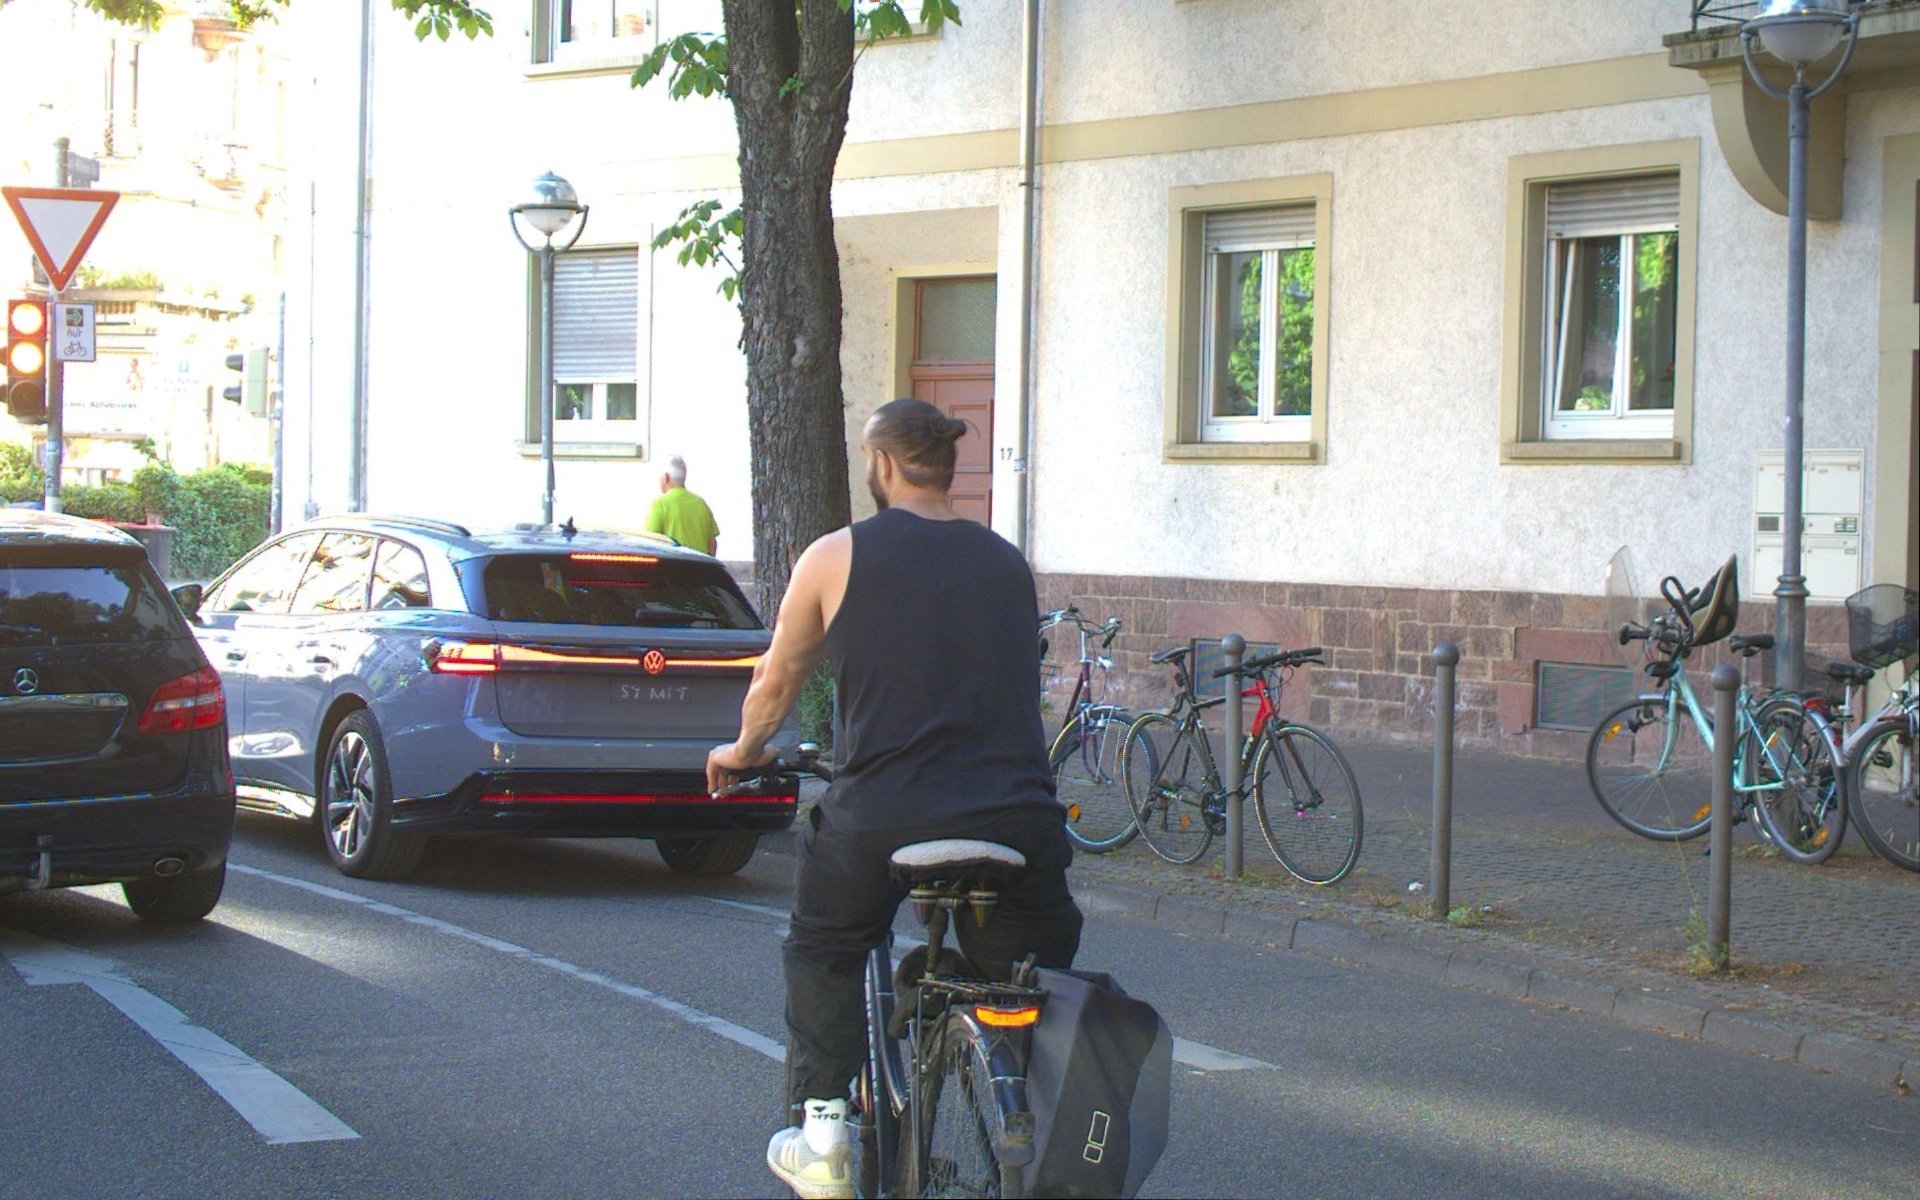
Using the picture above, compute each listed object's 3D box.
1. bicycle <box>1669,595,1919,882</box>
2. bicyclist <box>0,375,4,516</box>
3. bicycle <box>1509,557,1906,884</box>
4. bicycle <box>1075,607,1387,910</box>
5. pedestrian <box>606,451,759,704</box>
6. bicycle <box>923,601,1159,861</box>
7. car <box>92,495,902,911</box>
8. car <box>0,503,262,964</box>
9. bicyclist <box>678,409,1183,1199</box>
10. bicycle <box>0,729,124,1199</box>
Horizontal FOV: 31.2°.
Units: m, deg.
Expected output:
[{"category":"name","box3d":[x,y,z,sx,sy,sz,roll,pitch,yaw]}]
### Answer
[{"category":"bicycle","box3d":[3.901,0.568,14.906,0.667,1.103,1.967,1,1,-19]},{"category":"bicyclist","box3d":[-2.368,0.344,6.547,0.707,1.568,0.957,1,1,-38]},{"category":"bicycle","box3d":[3.189,0.472,14.887,0.717,1.273,1.967,-1,2,-21]},{"category":"bicycle","box3d":[1.105,0.626,14.404,0.526,1.103,1.741,-2,3,-24]},{"category":"pedestrian","box3d":[-1.948,-0.174,24.088,0.643,1.721,0.888,-3,3,-41]},{"category":"bicycle","box3d":[0.354,0.581,16.005,0.480,1.060,1.636,-2,3,-22]},{"category":"car","box3d":[-2.292,0.388,15.793,1.970,1.580,4.475,3,0,-31]},{"category":"car","box3d":[-4.283,0.407,13.232,1.790,1.536,3.860,-2,2,-34]},{"category":"bicyclist","box3d":[-0.084,0.493,6.270,0.686,1.650,0.990,0,2,-15]},{"category":"bicycle","box3d":[-2.386,0.777,6.672,0.717,1.103,1.966,1,2,-38]}]
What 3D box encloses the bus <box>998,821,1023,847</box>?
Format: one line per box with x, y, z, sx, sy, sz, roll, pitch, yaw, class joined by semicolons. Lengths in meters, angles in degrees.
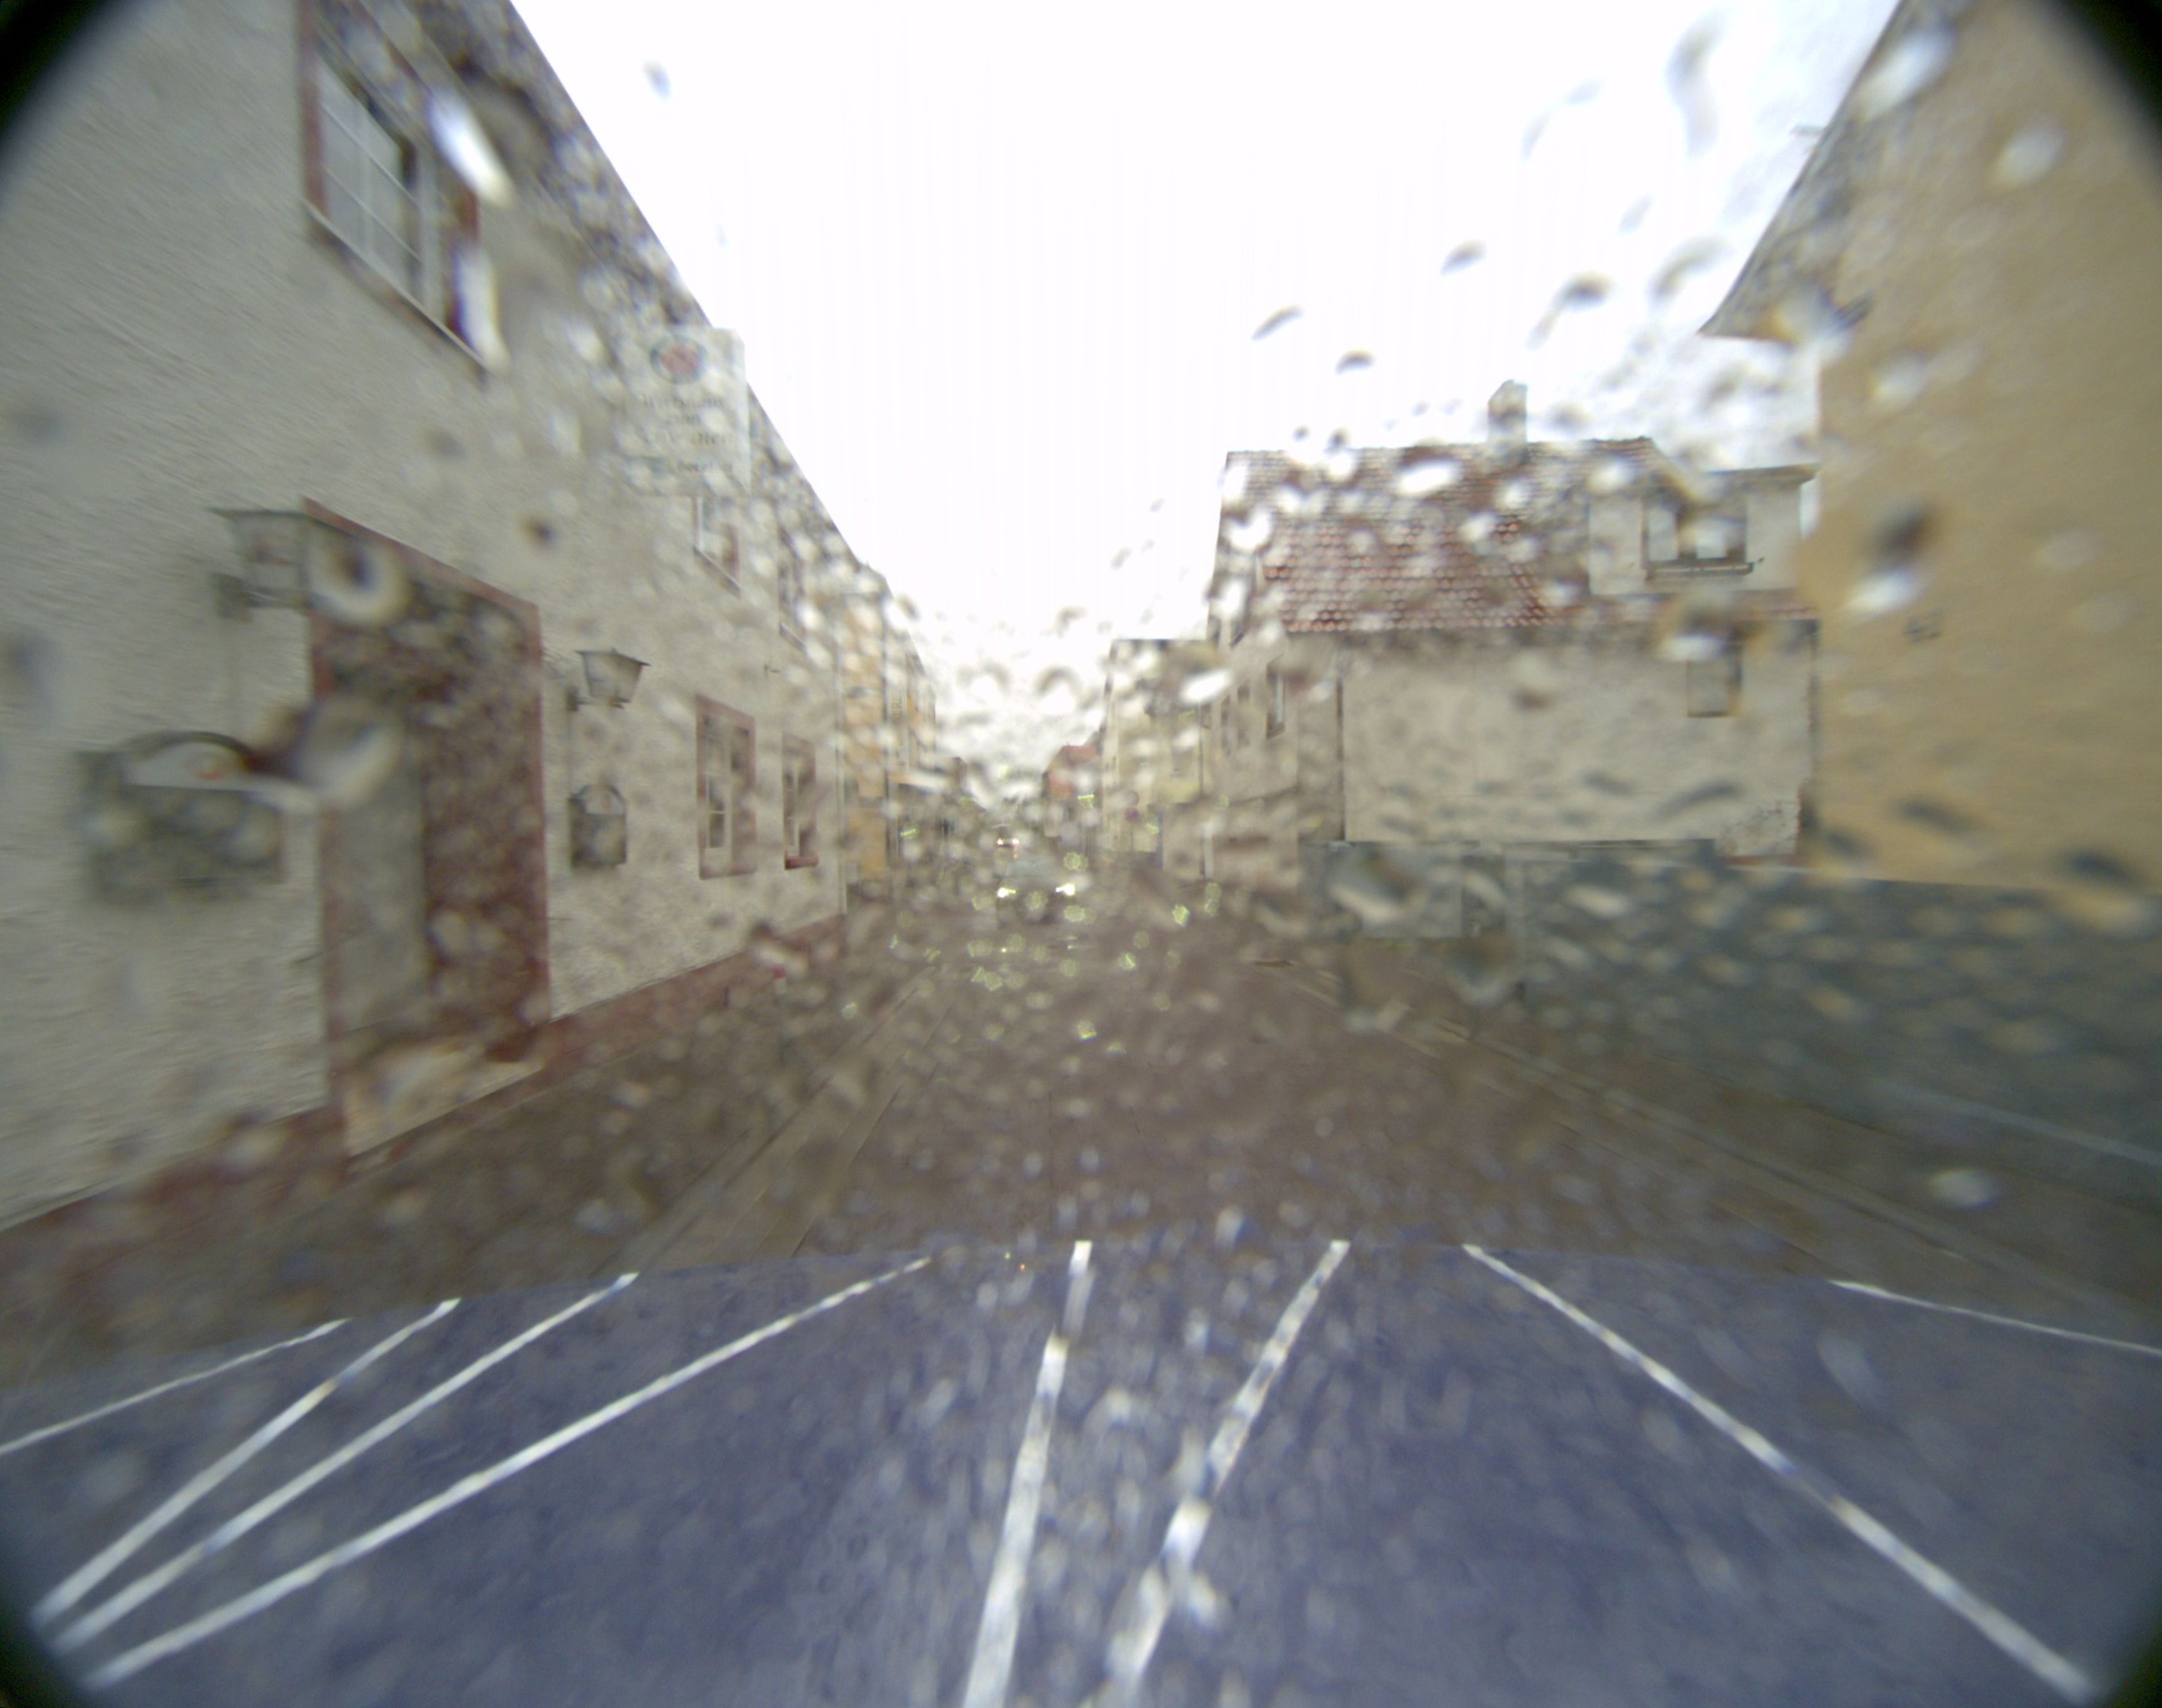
-10.497;-3.012;112.072;2.894;3.590;11.966;-2;2;-9;bus

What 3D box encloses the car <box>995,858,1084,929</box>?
-0.912;0.838;17.802;1.801;1.342;3.737;-3;1;-1;car

——————————

> [Directions]: Your answer must be the exact lines from the start of the data through the line with "10. bicycle <box>0,729,124,1199</box>", inclusive, and nothing else; pictures do not belong in it.

> [Answer to this task]:
Using the picture above, compute each listed object's 3D box.
1. bicycle <box>1669,595,1919,882</box>
2. bicyclist <box>0,375,4,516</box>
3. bicycle <box>1509,557,1906,884</box>
4. bicycle <box>1075,607,1387,910</box>
5. pedestrian <box>606,451,759,704</box>
6. bicycle <box>923,601,1159,861</box>
7. car <box>92,495,902,911</box>
8. car <box>0,503,262,964</box>
9. bicyclist <box>678,409,1183,1199</box>
10. bicycle <box>0,729,124,1199</box>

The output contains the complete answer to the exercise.